Hi!!!
I’m training a xgboost model with a loop. I tried to delete and DMtraix object after each loop to reduce memory consumption. However, it didn’t work and the process crashed in the second loop.
My environment info:
operation system: Debian 9.12
python version: 3.5.3
xgboost version: 1.0.2 (installed by pip)
I used the memory profiler and below is the code & memory result:
Please note that column “memory increment” doesn’t show large negative increment value correctly. It’s a bug in memory profiler. I used process object from psutil package to calculate memory change instead.
Line # Mem usage Increment Line Contents
29 2852.1 MiB 2852.1 MiB @profile
30 def xgb_score(params):
31 2852.1 MiB 0.0 MiB cv_scores = []
32 2852.1 MiB 0.0 MiB try:
33 21206.2 MiB 0.0 MiB for i in range(27, 29):
34 21206.2 MiB 0.0 MiB mem0 = proc.memory_info().rss
35 21206.2 MiB 0.0 MiB logging.info('!!!Mark!!! memory usage: {}'.format(mem0 / 1024**2))
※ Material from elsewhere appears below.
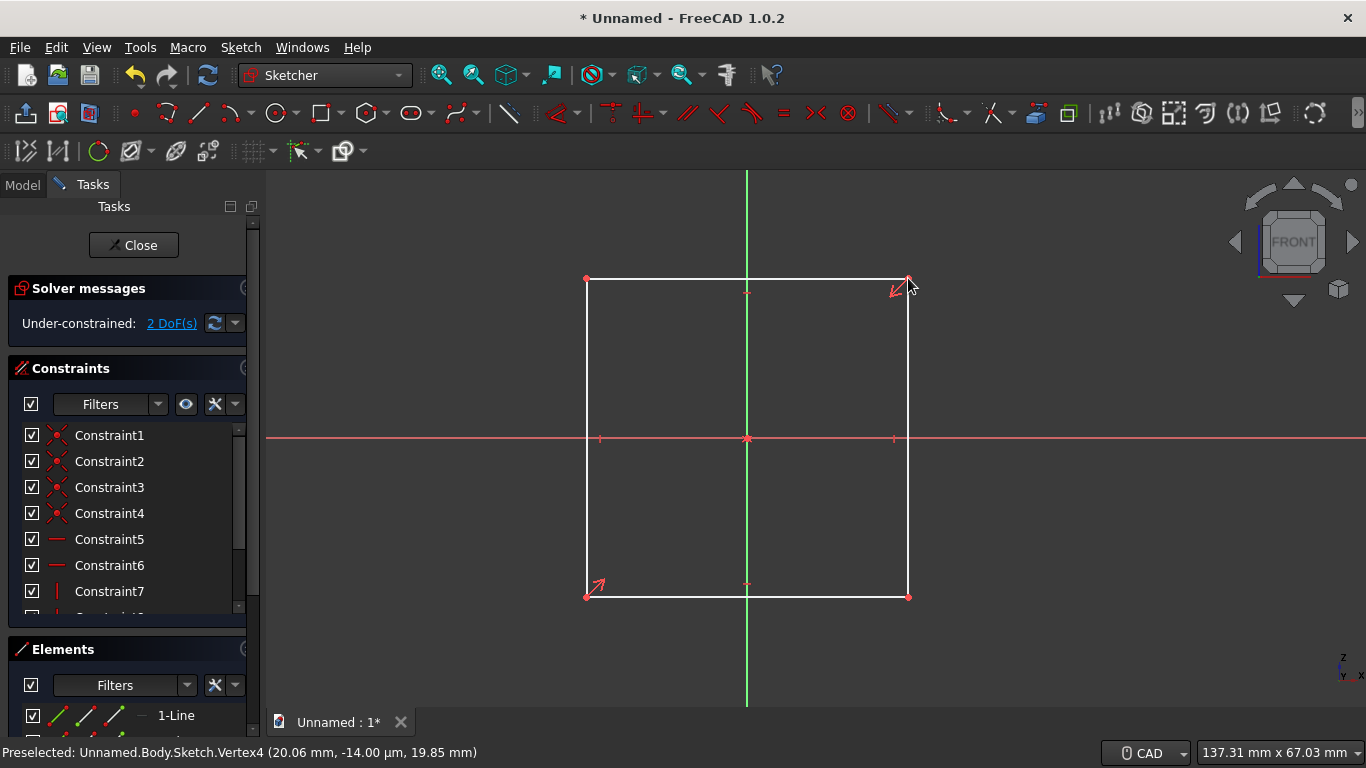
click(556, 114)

36 23342.2 MiB 2136.0 MiB df_train = df_train_raw.loc[df_train_raw['date_block_num'] < i]
37 23403.8 MiB 84.1 MiB df_val = df_train_raw.loc[df_train_raw['date_block_num'] == i]
38 23403.8 MiB 0.0 MiB mem1 = proc.memory_info().rss
39 23403.8 MiB 0.0 MiB logging.info('!!!!Mark!!!! memory usage: {}, increased by {} MB'.format(mem1/1024**2, (mem1-mem0)/1024**2))
40 23325.6 MiB 0.0 MiB df_train.drop(['data_type', 'ID'], axis=1, inplace=True)
41 23323.2 MiB 0.0 MiB df_val.drop(['data_type', 'ID'], axis=1, inplace=True)
42 23323.2 MiB 0.0 MiB print("started to copy data.")
43 25094.9 MiB 9076.1 MiB dtrain = xgb.DMatrix(df_train[features], df_train['item_cnt_day']) ## CRASHED HERE!!!!!
44 14452.1 MiB 426.7 MiB dvalid = xgb.DMatrix(df_val[features], df_val['item_cnt_day'])
45 14452.1 MiB 0.0 MiB mem2 = proc.memory_info().rss
46 14452.1 MiB 0.0 MiB logging.info('!!!!Mark!!!! memoery usage: {}, increased by {} MB'.format(mem2/1024**2, (mem2-mem1)/1024**2))
47 12453.4 MiB 0.0 MiB del df_train, df_val. ### actually here the memory decreased 1999MB
48 12453.4 MiB 0.0 MiB gc.collect()
49 12453.4 MiB 0.0 MiB mem3 = proc.memory_info().rss
50 12453.4 MiB 0.0 MiB logging.info('!!!!Mark!!!! memoery usage: {}, increased by {} MB'.format(mem3/1024**2, (mem3-mem2)/1024**2))
51 12453.4 MiB 0.0 MiB logging.info("cleared space!!!")
52 12453.4 MiB 0.0 MiB watchlist = [(dtrain, 'train'), (dvalid, 'eval')]
53 12453.4 MiB 0.0 MiB start = time.time()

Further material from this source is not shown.